People who have practiced Wim Hof Method breathing can certainly attest that the method has physiological effects. Scientists believe the brain, rather than the body, helped Hof to respond to cold exposure. Hof himself has also participated in studies to bring credibility to his breathing practice. In this study, all members of the Wim Hof breathing group completed the exercises, but five participants in the control group were unable due to fatigue. Scientists are still learning about how Hof’s breathing techniques affect the brain and metabolic activity, physical endurance, mental health, the immune system, inflammation, and pain. This can be practiced alone or in combination with cold therapy, a technique where the body is exposed to extremely cold temperatures for several minutes. The Wim Hof Method combines breathing, cold therapy, and commitment to help you connect more deeply to your body.

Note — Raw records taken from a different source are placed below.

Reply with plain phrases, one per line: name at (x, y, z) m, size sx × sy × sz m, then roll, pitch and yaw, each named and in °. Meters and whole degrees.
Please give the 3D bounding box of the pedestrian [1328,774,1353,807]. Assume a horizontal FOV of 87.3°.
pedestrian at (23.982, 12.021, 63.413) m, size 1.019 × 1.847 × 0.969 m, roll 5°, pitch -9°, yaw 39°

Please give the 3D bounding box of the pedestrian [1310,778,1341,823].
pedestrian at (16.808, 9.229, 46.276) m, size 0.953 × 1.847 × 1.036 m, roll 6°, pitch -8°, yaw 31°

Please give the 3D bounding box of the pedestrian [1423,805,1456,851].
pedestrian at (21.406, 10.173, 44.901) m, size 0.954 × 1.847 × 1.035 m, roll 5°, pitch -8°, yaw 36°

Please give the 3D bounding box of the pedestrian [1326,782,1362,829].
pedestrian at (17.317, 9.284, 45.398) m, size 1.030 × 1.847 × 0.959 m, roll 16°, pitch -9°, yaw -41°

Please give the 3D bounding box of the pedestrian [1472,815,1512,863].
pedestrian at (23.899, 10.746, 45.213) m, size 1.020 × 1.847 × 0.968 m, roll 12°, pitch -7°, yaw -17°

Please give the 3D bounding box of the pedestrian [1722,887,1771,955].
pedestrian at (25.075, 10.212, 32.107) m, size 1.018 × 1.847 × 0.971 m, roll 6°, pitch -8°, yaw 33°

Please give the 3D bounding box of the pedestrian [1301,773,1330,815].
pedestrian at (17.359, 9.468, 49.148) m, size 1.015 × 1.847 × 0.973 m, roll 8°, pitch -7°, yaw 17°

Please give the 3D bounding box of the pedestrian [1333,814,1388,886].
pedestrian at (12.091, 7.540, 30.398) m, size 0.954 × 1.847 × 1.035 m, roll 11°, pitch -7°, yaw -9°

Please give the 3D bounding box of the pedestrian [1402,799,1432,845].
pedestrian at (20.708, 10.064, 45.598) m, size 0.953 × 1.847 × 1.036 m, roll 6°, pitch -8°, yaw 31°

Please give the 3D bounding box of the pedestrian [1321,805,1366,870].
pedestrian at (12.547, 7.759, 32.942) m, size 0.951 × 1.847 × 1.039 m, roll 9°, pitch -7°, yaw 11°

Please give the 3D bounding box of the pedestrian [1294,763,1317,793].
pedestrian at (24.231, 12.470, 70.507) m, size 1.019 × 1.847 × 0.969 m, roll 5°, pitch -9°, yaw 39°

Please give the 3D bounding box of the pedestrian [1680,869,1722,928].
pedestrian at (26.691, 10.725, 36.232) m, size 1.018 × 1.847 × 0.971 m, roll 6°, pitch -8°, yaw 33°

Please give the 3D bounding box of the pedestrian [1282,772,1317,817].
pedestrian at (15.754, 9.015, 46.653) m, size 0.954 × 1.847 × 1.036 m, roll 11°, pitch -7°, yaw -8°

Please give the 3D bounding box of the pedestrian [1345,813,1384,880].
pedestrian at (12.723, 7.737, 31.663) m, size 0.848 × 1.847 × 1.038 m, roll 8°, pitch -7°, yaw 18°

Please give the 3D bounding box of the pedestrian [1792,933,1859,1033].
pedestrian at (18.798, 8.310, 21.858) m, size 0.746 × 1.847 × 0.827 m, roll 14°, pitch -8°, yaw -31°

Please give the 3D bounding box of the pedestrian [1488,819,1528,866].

The research confirms the method works through specific biological mechanisms, not placebo effect alone. These studies used control groups, proper measurement tools, and peer review. Participants showed improved mood scores and lower inflammatory markers. Talk to your doctor before starting if you have any health conditions, take medications, or have concerns. Listen to your body and stop if you feel dizzy, have chest pain, or feel unwell.
Start with 30 seconds of cold water at the end of your shower and build up over weeks and months. Cold ExposureYou expose your body to cold through showers, ice baths, or outdoor cold. You practice cycles of deep breathing followed by breath holds. Research published in NeuroImage found the method activates brain regions that control your stress response and pain perception. This matters because chronic inflammation causes or worsens many health problems. The 2014 Radboud University study measured specific inflammation chemicals called cytokines.
Early mood and energy improvements happen fast, but immune and inflammatory changes need time. Practicing while standing – People faint during breathing and hit their heads. Daily practice beats intense weekend sessions. Skipping the commitment pillar – Irregular practice gives irregular results. Stop when your body signals, don’t push into panic.
The immediate exposure to cold water releases endorphins, which are known as "feel-good" hormones. The cold temperature stimulates the autonomic nervous system, triggering vasoconstriction and reducing inflammation. However, chronic stress can lead to an overproduction of cortisol, which can have detrimental effects on our health. Cortisol, often referred to as the "stress hormone," plays a crucial role in the body's stress response. The sperm quality of unemployed men was also lower than that of employed men. Using both subjective and objective assessments, they found semen quality to be inversely proportional to mental stress.